Wednesday 6 May 2015

Organisational Charts Problematic?

In some companies, ask a manager what their department does and instead of a capability model or a process model out pops the org. chart out on to to the desk. It represents to them a statement of their power and influence and the political pecking order.

The organisational chart is what a lot of people think organisational design is about. It is thought by some to be a key artifact in enterprise and business architecture. I think it has its place but probably as the last thing you do prior to implementation of transformation; certainly not the first.

Why do I feel so strongly about organisational charts?

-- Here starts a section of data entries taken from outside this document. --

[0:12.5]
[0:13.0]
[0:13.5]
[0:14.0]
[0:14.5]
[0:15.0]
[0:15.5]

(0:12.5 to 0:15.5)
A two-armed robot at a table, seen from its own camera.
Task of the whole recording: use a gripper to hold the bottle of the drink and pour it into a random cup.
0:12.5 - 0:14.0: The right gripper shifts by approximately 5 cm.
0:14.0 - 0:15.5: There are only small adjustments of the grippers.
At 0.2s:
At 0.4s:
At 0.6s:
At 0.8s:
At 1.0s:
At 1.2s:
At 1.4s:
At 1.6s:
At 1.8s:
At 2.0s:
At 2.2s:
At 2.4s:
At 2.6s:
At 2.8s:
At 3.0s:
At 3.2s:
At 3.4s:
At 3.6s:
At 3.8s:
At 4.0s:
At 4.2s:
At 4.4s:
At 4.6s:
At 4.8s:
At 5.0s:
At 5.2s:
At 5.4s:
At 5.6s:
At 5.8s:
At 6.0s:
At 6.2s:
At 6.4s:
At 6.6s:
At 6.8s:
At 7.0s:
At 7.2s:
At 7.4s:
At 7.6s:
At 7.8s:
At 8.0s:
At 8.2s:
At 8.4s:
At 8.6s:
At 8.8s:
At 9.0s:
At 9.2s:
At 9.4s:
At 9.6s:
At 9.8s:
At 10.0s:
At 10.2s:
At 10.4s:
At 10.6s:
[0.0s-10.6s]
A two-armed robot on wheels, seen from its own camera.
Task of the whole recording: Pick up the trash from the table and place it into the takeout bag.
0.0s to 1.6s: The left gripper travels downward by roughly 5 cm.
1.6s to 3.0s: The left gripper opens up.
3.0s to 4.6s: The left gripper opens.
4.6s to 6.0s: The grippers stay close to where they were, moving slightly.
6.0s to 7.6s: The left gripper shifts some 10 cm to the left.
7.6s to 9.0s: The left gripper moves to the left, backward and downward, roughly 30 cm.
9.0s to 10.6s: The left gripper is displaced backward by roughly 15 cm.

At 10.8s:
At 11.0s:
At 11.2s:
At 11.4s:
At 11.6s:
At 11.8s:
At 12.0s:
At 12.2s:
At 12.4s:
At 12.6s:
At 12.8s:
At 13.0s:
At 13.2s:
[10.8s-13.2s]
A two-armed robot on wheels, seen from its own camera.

  • They often perpetuates the "AS IS" by not disconnecting today and today's politics by inhibiting the lifting of thinking up into conceptual models.
  • Thinking devoid of current players and organisational structures helps to identify root definitions, prior to evaluating the needs of tomorrow and then designing the new physical model with its new organisation fit for new strategies/ goals supporting by the redefined capabilities  and business services to satisfy the new customer experience.
  • If you focus on the org chart in designing the future accountability and control will be divided out based on current personalities and their influence, not on what should logically be wrapped in a functional container. 

Many organisational designs seem illogical until you realise they represented the growth in a personalities power and the "land grab" in the past as they climbed up the corporate ladder.

Leave a "TO BE" organisational chart as late as possible in my view, as it constrains thinking.